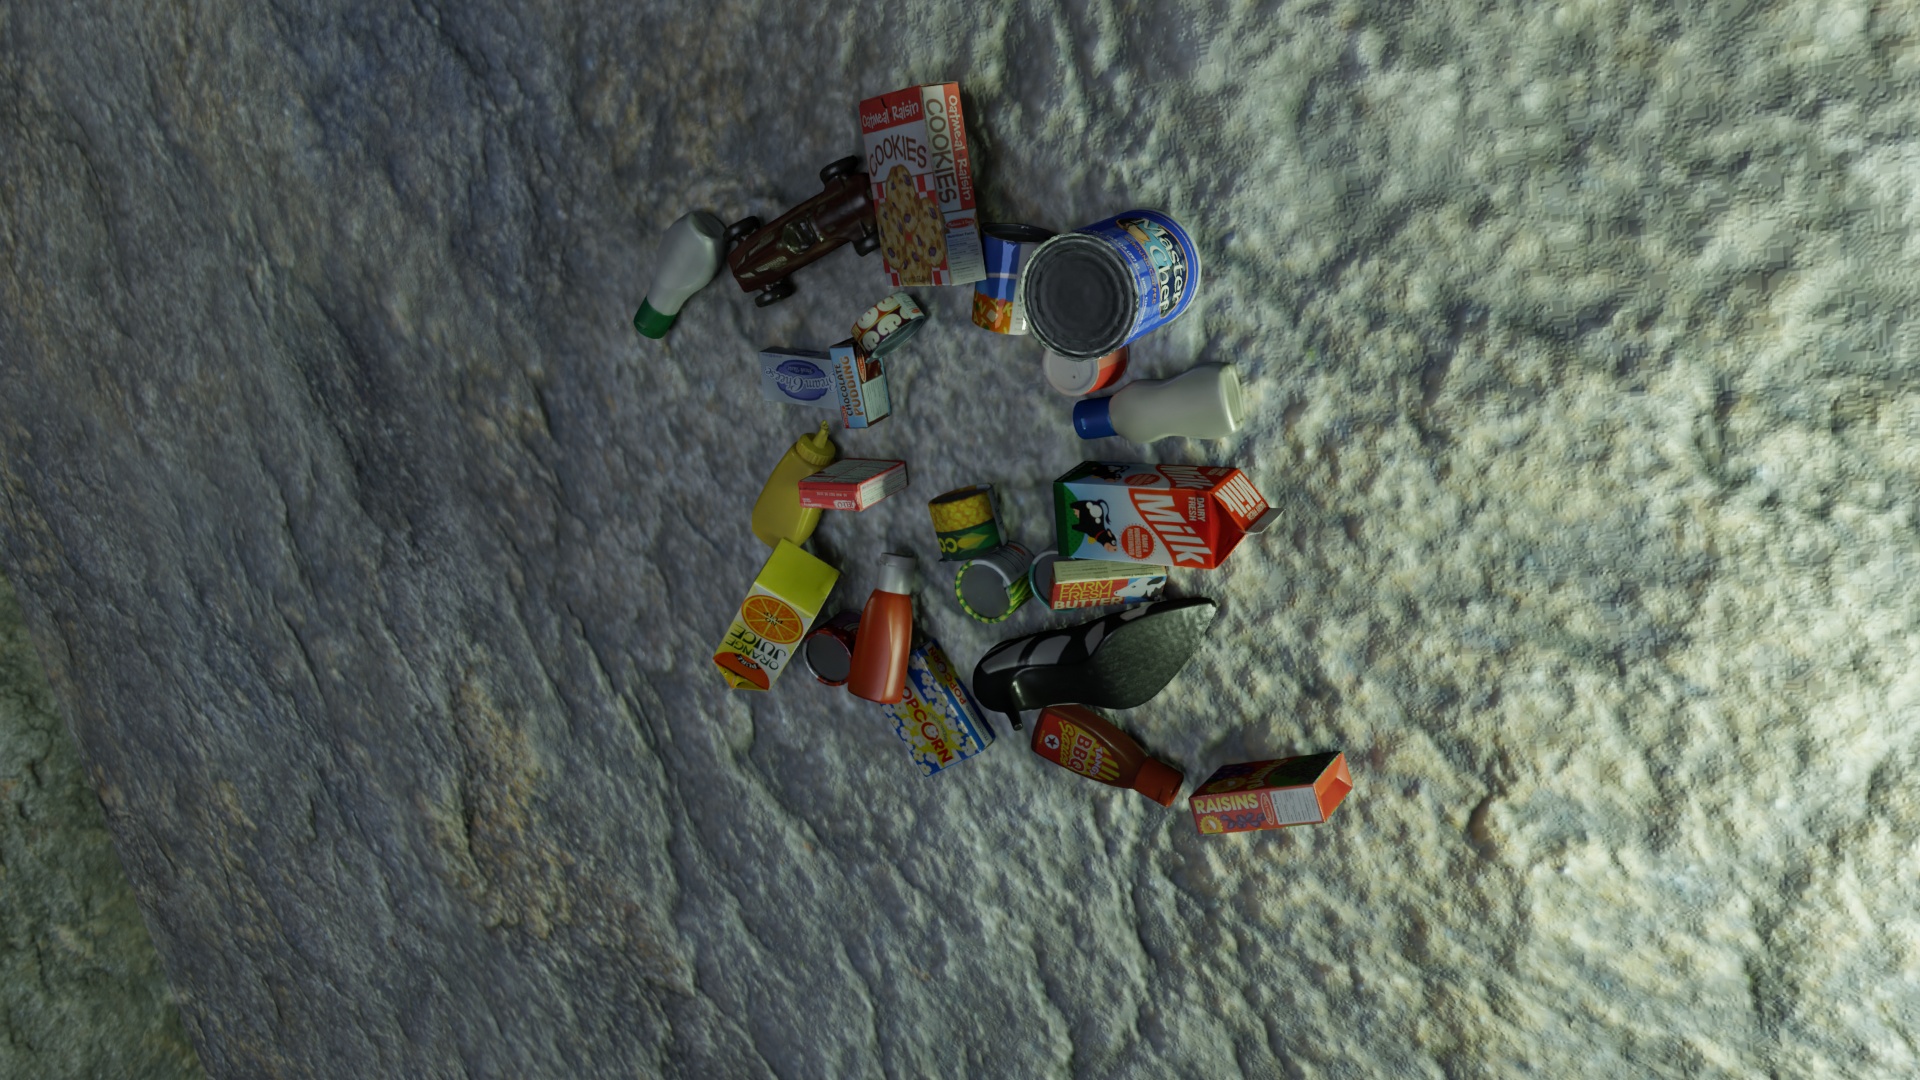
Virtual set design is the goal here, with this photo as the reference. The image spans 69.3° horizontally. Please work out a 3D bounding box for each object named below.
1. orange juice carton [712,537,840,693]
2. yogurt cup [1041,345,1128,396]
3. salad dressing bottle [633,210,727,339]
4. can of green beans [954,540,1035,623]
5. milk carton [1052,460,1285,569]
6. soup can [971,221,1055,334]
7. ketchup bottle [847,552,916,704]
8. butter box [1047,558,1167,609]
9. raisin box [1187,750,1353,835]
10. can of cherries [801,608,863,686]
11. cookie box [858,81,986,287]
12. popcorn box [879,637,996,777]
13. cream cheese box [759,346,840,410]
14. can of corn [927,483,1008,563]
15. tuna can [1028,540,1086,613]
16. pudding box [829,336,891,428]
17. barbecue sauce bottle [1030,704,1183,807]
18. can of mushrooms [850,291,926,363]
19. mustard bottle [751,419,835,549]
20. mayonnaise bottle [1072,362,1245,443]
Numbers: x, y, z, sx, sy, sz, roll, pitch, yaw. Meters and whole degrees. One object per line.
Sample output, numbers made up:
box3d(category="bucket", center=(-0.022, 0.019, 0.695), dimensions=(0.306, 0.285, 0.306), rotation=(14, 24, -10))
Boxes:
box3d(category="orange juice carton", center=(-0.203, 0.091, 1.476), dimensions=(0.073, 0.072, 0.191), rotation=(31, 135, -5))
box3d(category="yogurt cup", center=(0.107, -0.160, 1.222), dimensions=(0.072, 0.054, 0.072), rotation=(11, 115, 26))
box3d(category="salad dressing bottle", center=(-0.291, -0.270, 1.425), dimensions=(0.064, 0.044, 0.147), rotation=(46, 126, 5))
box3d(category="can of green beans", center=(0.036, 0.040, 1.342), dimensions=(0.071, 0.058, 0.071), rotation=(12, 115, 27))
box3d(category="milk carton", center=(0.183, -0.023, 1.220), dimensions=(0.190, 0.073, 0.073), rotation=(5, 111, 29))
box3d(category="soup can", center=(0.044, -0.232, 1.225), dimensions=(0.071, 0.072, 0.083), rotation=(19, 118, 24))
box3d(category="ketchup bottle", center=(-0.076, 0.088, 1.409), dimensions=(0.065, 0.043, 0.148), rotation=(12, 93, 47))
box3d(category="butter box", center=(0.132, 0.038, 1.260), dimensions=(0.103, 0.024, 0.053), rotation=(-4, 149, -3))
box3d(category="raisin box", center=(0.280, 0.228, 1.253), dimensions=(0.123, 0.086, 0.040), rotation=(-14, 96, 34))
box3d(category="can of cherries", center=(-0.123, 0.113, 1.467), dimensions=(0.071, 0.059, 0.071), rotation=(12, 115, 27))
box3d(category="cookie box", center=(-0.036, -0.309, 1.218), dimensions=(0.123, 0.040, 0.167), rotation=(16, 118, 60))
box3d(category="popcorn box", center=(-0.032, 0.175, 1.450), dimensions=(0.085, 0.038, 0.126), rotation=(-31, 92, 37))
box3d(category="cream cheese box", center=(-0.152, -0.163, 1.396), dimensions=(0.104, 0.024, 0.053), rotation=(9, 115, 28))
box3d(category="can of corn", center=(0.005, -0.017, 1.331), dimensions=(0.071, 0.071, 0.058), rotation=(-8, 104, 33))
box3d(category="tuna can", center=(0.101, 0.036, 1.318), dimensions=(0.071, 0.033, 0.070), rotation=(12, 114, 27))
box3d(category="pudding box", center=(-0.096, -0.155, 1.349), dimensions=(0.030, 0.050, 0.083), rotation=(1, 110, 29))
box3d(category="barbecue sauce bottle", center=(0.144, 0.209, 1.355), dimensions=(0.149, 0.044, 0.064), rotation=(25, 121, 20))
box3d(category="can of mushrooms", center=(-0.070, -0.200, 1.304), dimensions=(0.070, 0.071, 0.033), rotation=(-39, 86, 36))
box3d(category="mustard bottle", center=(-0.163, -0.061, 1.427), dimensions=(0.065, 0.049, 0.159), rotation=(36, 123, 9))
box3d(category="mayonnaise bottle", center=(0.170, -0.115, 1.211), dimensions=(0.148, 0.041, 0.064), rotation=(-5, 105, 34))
---
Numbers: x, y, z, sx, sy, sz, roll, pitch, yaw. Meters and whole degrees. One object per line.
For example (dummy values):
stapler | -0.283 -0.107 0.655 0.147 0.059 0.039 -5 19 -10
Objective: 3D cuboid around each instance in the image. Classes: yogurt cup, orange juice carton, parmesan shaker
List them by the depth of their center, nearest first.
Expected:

• _YOUR ASSIGNMENT_:
From the records above, give again exactly the lines running from the line with "2. yogurt cup [1041,345,1128,396]" to the line with "13. cream cheese box [759,346,840,410]", inclusive.

• _TASK SOLUTION_:
2. yogurt cup [1041,345,1128,396]
3. salad dressing bottle [633,210,727,339]
4. can of green beans [954,540,1035,623]
5. milk carton [1052,460,1285,569]
6. soup can [971,221,1055,334]
7. ketchup bottle [847,552,916,704]
8. butter box [1047,558,1167,609]
9. raisin box [1187,750,1353,835]
10. can of cherries [801,608,863,686]
11. cookie box [858,81,986,287]
12. popcorn box [879,637,996,777]
13. cream cheese box [759,346,840,410]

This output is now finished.